━━━ Excerpted data ━━━
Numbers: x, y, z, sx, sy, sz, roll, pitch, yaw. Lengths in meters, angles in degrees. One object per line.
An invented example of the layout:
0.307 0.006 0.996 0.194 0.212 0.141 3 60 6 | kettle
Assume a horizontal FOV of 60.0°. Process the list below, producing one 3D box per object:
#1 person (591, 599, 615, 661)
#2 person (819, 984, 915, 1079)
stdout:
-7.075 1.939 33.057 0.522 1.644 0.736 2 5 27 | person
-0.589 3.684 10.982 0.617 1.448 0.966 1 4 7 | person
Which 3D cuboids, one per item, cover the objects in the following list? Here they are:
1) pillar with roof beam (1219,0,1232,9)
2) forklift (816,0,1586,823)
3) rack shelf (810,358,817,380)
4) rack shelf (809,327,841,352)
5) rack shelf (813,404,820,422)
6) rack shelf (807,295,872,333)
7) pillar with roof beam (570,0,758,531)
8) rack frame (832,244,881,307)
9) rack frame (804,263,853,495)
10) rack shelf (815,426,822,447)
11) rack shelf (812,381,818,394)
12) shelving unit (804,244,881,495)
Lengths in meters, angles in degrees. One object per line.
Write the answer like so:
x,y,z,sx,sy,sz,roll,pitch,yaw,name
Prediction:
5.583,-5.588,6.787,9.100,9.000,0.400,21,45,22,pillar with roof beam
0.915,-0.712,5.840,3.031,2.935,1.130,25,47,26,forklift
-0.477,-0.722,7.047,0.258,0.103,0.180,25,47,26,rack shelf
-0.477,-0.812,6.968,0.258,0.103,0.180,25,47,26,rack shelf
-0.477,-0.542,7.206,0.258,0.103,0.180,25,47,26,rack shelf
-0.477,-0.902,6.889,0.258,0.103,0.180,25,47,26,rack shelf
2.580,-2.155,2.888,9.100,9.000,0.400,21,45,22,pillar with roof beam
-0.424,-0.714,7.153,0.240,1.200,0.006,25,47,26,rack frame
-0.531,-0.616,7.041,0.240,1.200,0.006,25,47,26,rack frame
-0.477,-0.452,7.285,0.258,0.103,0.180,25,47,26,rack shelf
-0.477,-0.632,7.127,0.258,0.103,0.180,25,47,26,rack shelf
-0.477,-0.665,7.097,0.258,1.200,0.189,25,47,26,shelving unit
━━━
*Brief*:
Each line from the top of the material above, through the one that contains "#2 person (819, 984, 915, 1079)", should be restated word for word.

*Written reply*:
Numbers: x, y, z, sx, sy, sz, roll, pitch, yaw. Lengths in meters, angles in degrees. One object per line.
An invented example of the layout:
0.307 0.006 0.996 0.194 0.212 0.141 3 60 6 | kettle
Assume a horizontal FOV of 60.0°. Process the list below, producing one 3D box per object:
#1 person (591, 599, 615, 661)
#2 person (819, 984, 915, 1079)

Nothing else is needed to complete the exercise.